Thank you. Our next question is from Brian Skorney of Breen Murray. Your line is open. Brian Skorney – Brean Murray: Hey. Good afternoon, guys. Thanks for taking the question, and congrats on the data from the Alios nuke. I guess just to kind of dig in a little bit more on the molecule with the understanding you're not ready to talk about the structure, but just in terms of maybe a little bit of a comparison to the resistance of this drug compared to the other nukes which I think are -- all have the two [meta] nucleoside backbone. I'm just wondering what -- is it a totally different structure than that? And in preclinical studies, have you been able to select for resistance? And what sort of mutations would confer resistance to this drug? Thanks.

This is Bob. I really can't talk at all about the structures. I will just say that these compounds have a very high barrier to resistance and therefore, are excellent combinations for other drugs, much like the other nukes that have been described. Brian Skorney – Brean Murray: Thanks.

There will be a bit more detail coming out at a medical conference later on, on some of these issues. Brian Skorney – Brean Murray: Okay. I'll wait for them.

Okay. Michael Yee – RBC Capital Markets: Operator, this is Michael. We're now about 10 minutes past our planned stop time for the call, so in the interest of everybody's time we will take just two more questions. Thanks.

Thank you. Our next question is from Ravi Mehrotra of Credit Suisse. Your line is open.

Hi. Congrats on the data. This is actually [Kuhn] calling on behalf of Ravi. I just had a quick question regarding your -- one of the trials for the Alios nukes which is the -- with ribavirin. I just wanted to know if there was anything in the data that you'd seen that would suggest that your nuke with ribavirin might give you better results than what we've seen so far. Thanks.

This is Bob. That's obviously why we're going to do the study, is to find out. Clearly, the properties that we've seen so far, very high level of antiviral activity would make it potentially a good companion with ribavirin. As I said, both efficacy wise and safety wise we think it's a good trial to do.

Okay. Thanks.

The other things that's impressive what we said in the call is it had a very steep decline from a viral kinetic point of view, is 3.85 log drop in three days, which is a good indicator that you might have a good chance for a combination and good trial outcome at the end of the day.

Thank you. Our next question, final question, is from Alan Carr of Needham & Company. Your line is open. Alan Carr – Needham & Co.: Hi, thanks for taking my question. Any sense of off-label use, other genotypes, patients using Kalydeco? Thanks.
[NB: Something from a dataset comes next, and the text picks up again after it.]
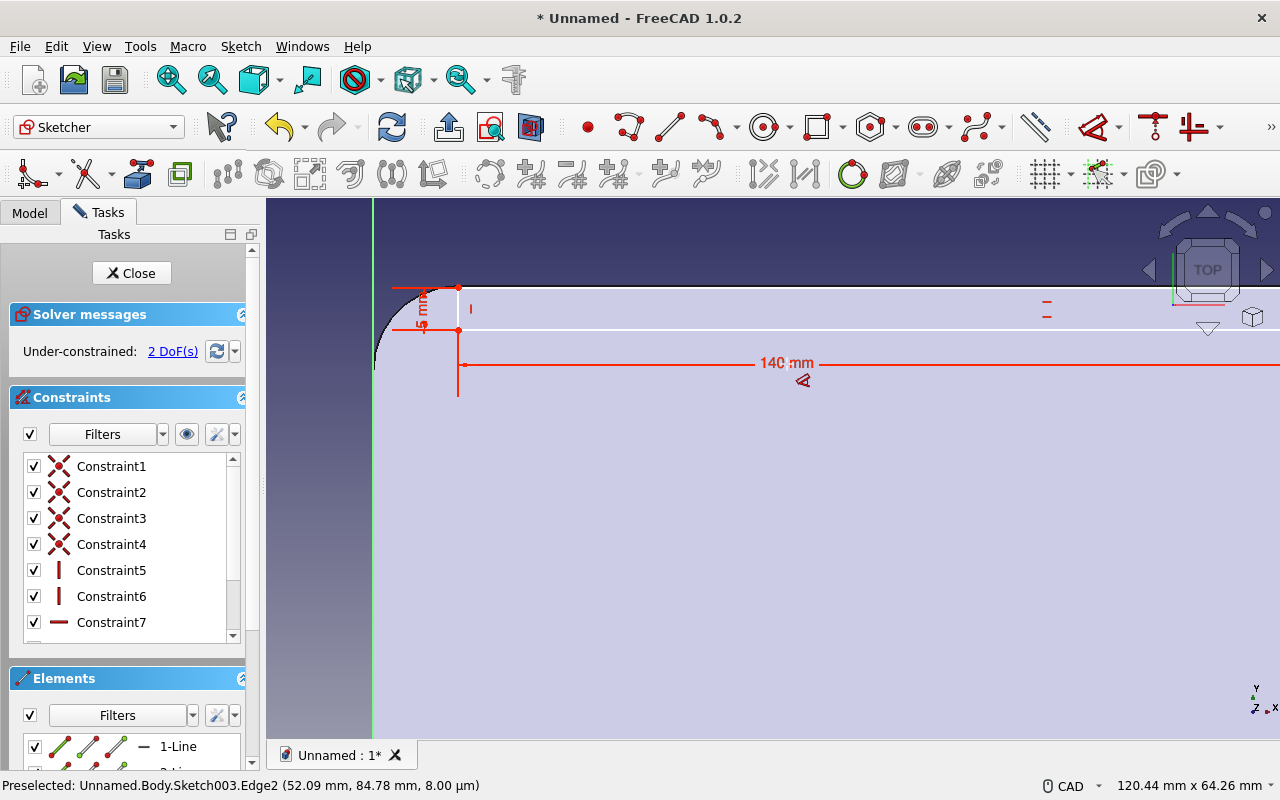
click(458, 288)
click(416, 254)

Yeah, this is Jeff. As you know, Alan, we only promote Kalydeco for labeled indication, which is G551D greater than six, and we don't track or keep track of any off-label use. So I really don't have any data on off-label use. Alan Carr – Needham & Co.: Thanks.
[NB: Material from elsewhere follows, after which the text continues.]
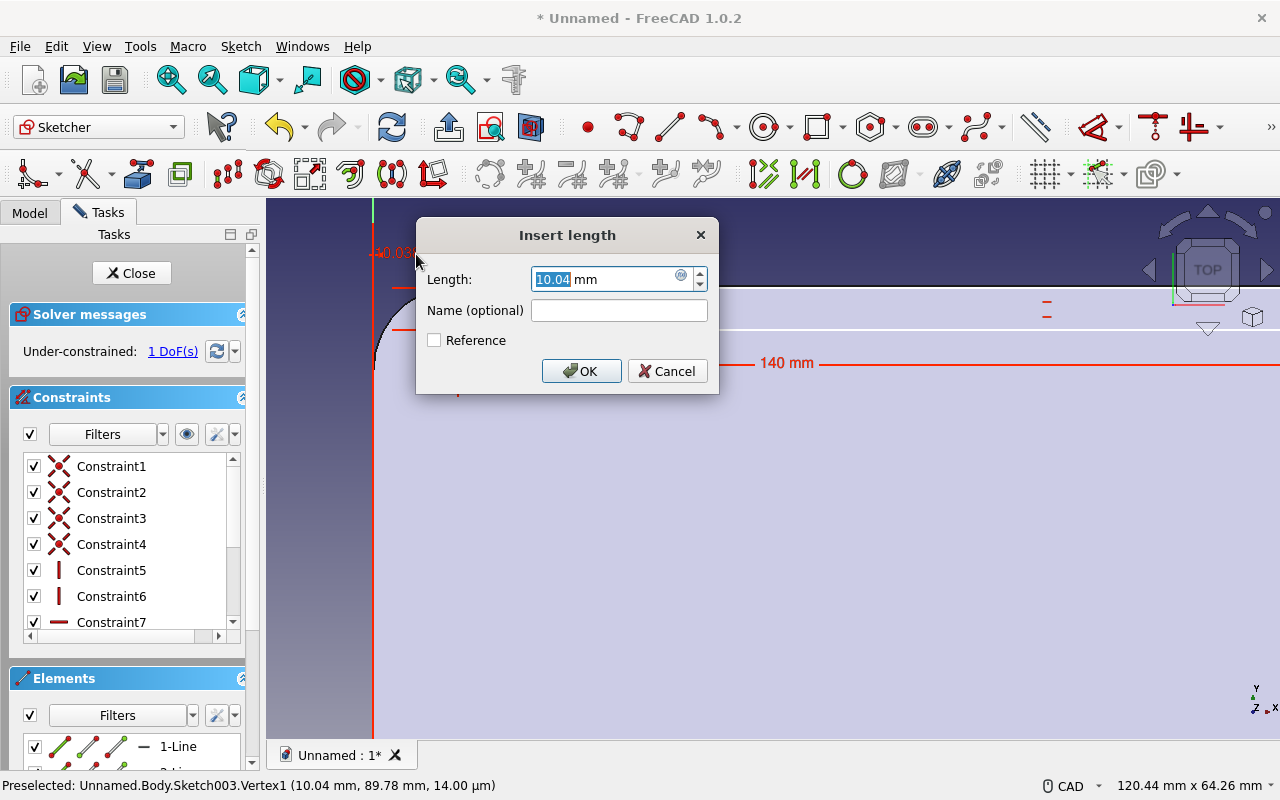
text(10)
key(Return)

So, thanks very much, everybody, for joining us tonight. I think everybody got to ask at least one question. If you didn't get your follow-up or you have additional questions, we're in the office, happy to talk further tonight. Thanks very much for tuning in.

Ladies and gentlemen, thank you for your participation in today's conference. This concludes the program. You may now disconnect. Have a wonderful day.